» TASK DATA
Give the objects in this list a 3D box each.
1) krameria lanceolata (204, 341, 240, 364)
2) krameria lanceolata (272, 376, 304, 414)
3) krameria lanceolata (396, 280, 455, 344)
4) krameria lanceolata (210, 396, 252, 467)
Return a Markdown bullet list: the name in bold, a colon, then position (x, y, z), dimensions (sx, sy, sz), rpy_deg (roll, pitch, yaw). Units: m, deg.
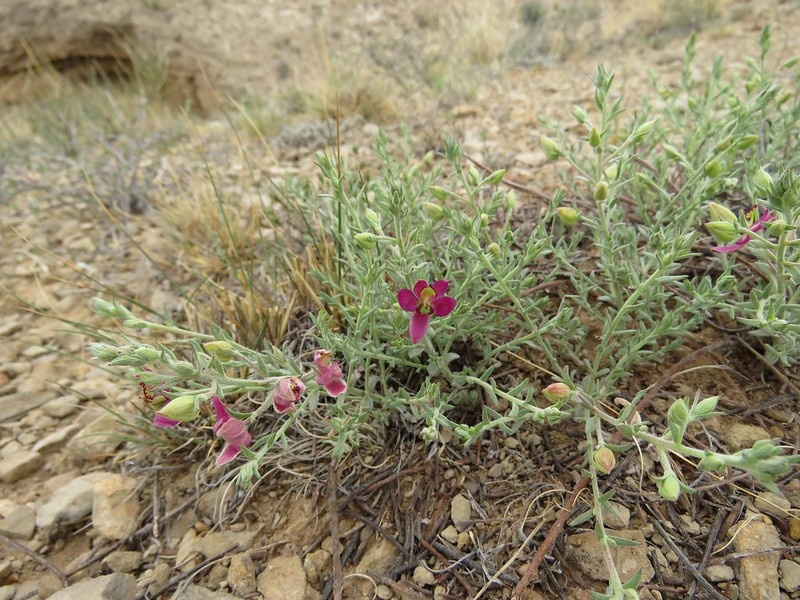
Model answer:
- **krameria lanceolata**: position (-0.987, 0.276, 3.421), dimensions (0.158, 0.119, 0.081), rpy_deg (18, 16, -25)
- **krameria lanceolata**: position (-0.613, 0.526, 3.447), dimensions (0.158, 0.114, 0.185), rpy_deg (1, 67, 13)
- **krameria lanceolata**: position (0.153, 0.045, 3.629), dimensions (0.317, 0.139, 0.371), rpy_deg (4, 95, -4)
- **krameria lanceolata**: position (-0.870, 0.744, 3.363), dimensions (0.325, 0.140, 0.279), rpy_deg (14, 70, -24)
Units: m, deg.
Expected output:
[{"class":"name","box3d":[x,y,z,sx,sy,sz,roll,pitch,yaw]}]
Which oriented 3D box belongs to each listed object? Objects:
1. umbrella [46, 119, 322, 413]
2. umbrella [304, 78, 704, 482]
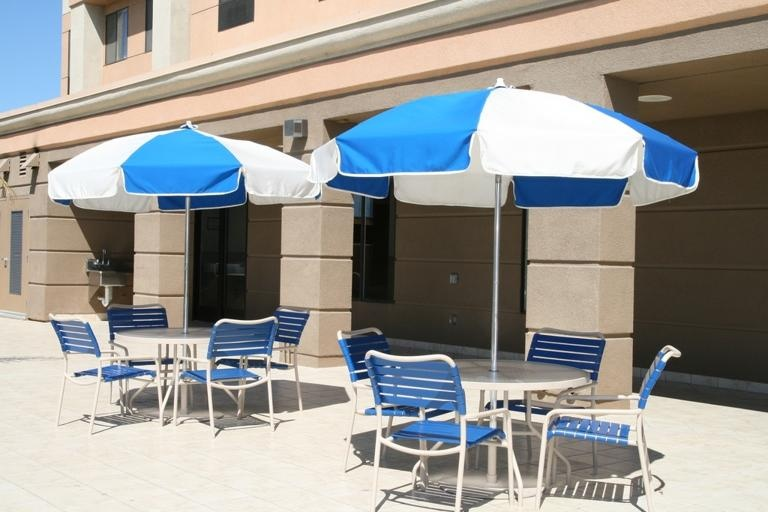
[{"class":"umbrella","box3d":[-2.494,-0.365,9.345,2.795,2.520,2.447,-2,-4,38]},{"class":"umbrella","box3d":[1.092,0.181,7.867,3.491,2.805,3.437,5,6,5]}]
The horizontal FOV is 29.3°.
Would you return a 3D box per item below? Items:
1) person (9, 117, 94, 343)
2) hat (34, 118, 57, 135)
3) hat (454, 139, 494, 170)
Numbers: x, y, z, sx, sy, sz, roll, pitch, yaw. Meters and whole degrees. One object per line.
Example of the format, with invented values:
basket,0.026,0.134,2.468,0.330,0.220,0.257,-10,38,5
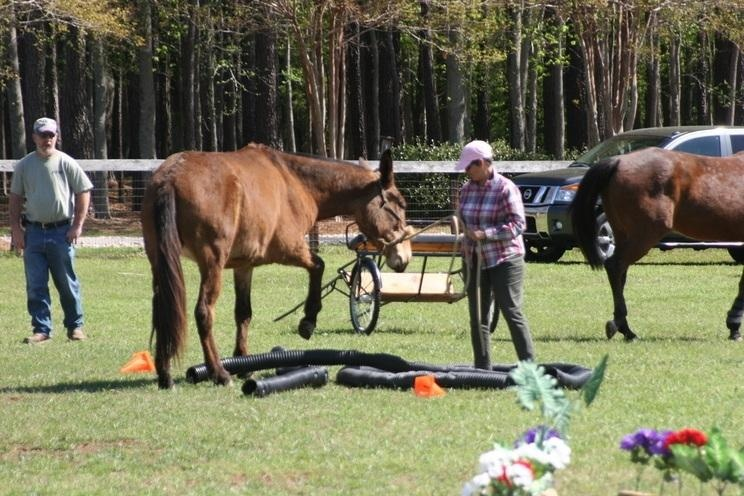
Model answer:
person,-6.377,-0.370,28.267,1.486,4.369,0.767,2,8,13
hat,-6.410,-2.392,28.090,0.451,0.317,0.379,-3,9,-21
hat,1.857,-1.667,26.019,0.609,0.354,0.457,-20,19,-11
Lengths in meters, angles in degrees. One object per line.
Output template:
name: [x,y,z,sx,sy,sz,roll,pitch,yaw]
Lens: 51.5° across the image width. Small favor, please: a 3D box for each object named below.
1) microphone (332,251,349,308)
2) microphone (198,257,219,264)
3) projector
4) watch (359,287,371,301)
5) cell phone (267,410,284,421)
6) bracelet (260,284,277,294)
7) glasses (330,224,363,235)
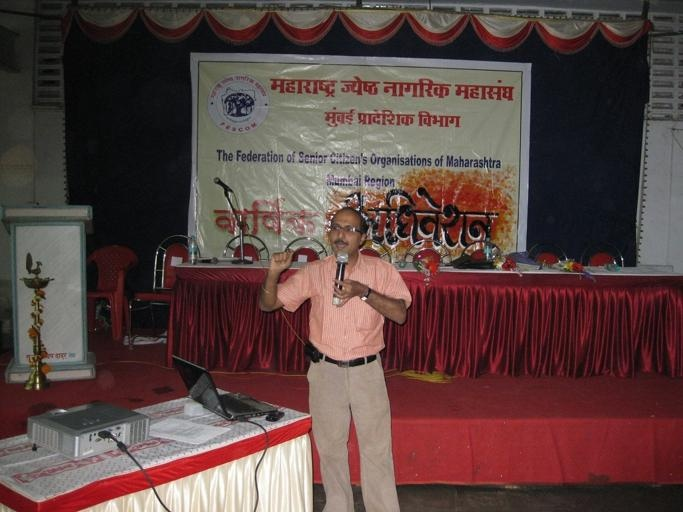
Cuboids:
microphone: [0.000,0.139,4.805,0.108,0.345,0.255,-1,3,1]
microphone: [-1.278,0.035,6.778,0.184,0.047,0.234,-2,2,-11]
projector: [-1.548,1.050,4.311,0.709,0.288,0.222,-1,3,5]
watch: [0.166,0.253,4.754,0.078,0.054,0.085,-45,-13,-14]
cell phone: [-0.421,0.998,4.481,0.051,0.027,0.087,2,1,19]
bracelet: [-0.493,0.218,4.888,0.079,0.086,0.079,0,0,-16]
glasses: [0.044,-0.194,4.846,0.243,0.091,0.107,-1,3,3]
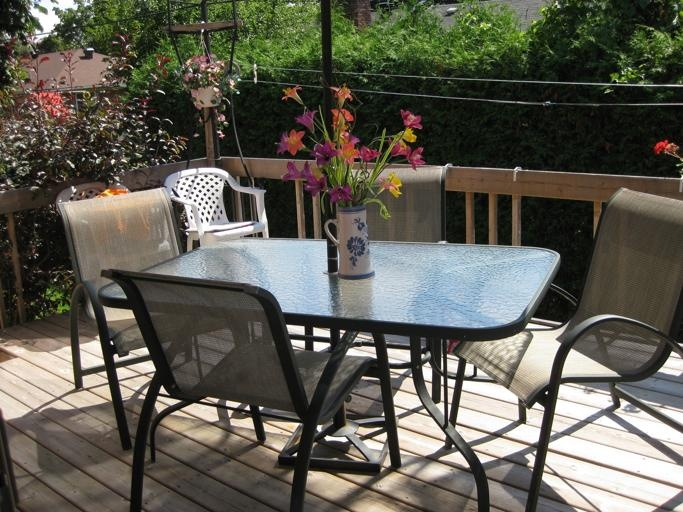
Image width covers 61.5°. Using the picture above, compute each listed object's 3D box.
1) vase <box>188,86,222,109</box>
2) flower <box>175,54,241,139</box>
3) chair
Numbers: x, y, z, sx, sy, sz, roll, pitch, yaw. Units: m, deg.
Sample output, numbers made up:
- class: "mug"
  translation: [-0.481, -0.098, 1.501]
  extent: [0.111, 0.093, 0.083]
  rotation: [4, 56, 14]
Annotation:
- class: "vase"
  translation: [-1.115, -1.314, 4.735]
  extent: [0.199, 0.128, 0.180]
  rotation: [-3, 15, 4]
- class: "flower"
  translation: [-1.116, -1.356, 4.931]
  extent: [0.539, 0.713, 0.516]
  rotation: [-9, 20, -19]
- class: "chair"
  translation: [0.078, 0.388, 2.551]
  extent: [1.547, 0.759, 0.888]
  rotation: [2, 15, 15]

» TASK DIRECTIONS
From the first line to the last, copy the records exactly and skip the pictures.

» ANSWER BOX
Give the objects in this list a 3D box each.
1) krameria lanceolata (204, 341, 240, 364)
2) krameria lanceolata (272, 376, 304, 414)
3) krameria lanceolata (396, 280, 455, 344)
4) krameria lanceolata (210, 396, 252, 467)
Return a Markdown bullet list: the name in bold, a colon, then position (x, y, z), dimensions (sx, sy, sz), rpy_deg (roll, pitch, yaw). Units: m, deg.
Model answer:
- **krameria lanceolata**: position (-0.987, 0.276, 3.421), dimensions (0.158, 0.119, 0.081), rpy_deg (18, 16, -25)
- **krameria lanceolata**: position (-0.613, 0.526, 3.447), dimensions (0.158, 0.114, 0.185), rpy_deg (1, 67, 13)
- **krameria lanceolata**: position (0.153, 0.045, 3.629), dimensions (0.317, 0.139, 0.371), rpy_deg (4, 95, -4)
- **krameria lanceolata**: position (-0.870, 0.744, 3.363), dimensions (0.325, 0.140, 0.279), rpy_deg (14, 70, -24)
Units: m, deg.
Expected output:
[{"class":"name","box3d":[x,y,z,sx,sy,sz,roll,pitch,yaw]}]
Which oriented 3D box belongs to each listed object? Objects:
1. umbrella [46, 119, 322, 413]
2. umbrella [304, 78, 704, 482]
[{"class":"umbrella","box3d":[-2.494,-0.365,9.345,2.795,2.520,2.447,-2,-4,38]},{"class":"umbrella","box3d":[1.092,0.181,7.867,3.491,2.805,3.437,5,6,5]}]
The horizontal FOV is 29.3°.
Would you return a 3D box per item below? Items:
1) person (9, 117, 94, 343)
2) hat (34, 118, 57, 135)
3) hat (454, 139, 494, 170)
Numbers: x, y, z, sx, sy, sz, roll, pitch, yaw. Meters and whole degrees. One object per line.
Example of the format, with invented values:
basket,0.026,0.134,2.468,0.330,0.220,0.257,-10,38,5
Model answer:
person,-6.377,-0.370,28.267,1.486,4.369,0.767,2,8,13
hat,-6.410,-2.392,28.090,0.451,0.317,0.379,-3,9,-21
hat,1.857,-1.667,26.019,0.609,0.354,0.457,-20,19,-11
Lengths in meters, angles in degrees. One object per line.
Output template:
name: [x,y,z,sx,sy,sz,roll,pitch,yaw]
Lens: 51.5° across the image width. Small favor, please: a 3D box for each object named below.
1) microphone (332,251,349,308)
2) microphone (198,257,219,264)
3) projector
4) watch (359,287,371,301)
5) cell phone (267,410,284,421)
6) bracelet (260,284,277,294)
7) glasses (330,224,363,235)
Cuboids:
microphone: [0.000,0.139,4.805,0.108,0.345,0.255,-1,3,1]
microphone: [-1.278,0.035,6.778,0.184,0.047,0.234,-2,2,-11]
projector: [-1.548,1.050,4.311,0.709,0.288,0.222,-1,3,5]
watch: [0.166,0.253,4.754,0.078,0.054,0.085,-45,-13,-14]
cell phone: [-0.421,0.998,4.481,0.051,0.027,0.087,2,1,19]
bracelet: [-0.493,0.218,4.888,0.079,0.086,0.079,0,0,-16]
glasses: [0.044,-0.194,4.846,0.243,0.091,0.107,-1,3,3]
Image width covers 61.5°. Using the picture above, compute each listed object's 3D box.
1) vase <box>188,86,222,109</box>
2) flower <box>175,54,241,139</box>
3) chair
Numbers: x, y, z, sx, sy, sz, roll, pitch, yaw. Units: m, deg.
Sample output, numbers made up:
- class: "mug"
  translation: [-0.481, -0.098, 1.501]
  extent: [0.111, 0.093, 0.083]
  rotation: [4, 56, 14]
Annotation:
- class: "vase"
  translation: [-1.115, -1.314, 4.735]
  extent: [0.199, 0.128, 0.180]
  rotation: [-3, 15, 4]
- class: "flower"
  translation: [-1.116, -1.356, 4.931]
  extent: [0.539, 0.713, 0.516]
  rotation: [-9, 20, -19]
- class: "chair"
  translation: [0.078, 0.388, 2.551]
  extent: [1.547, 0.759, 0.888]
  rotation: [2, 15, 15]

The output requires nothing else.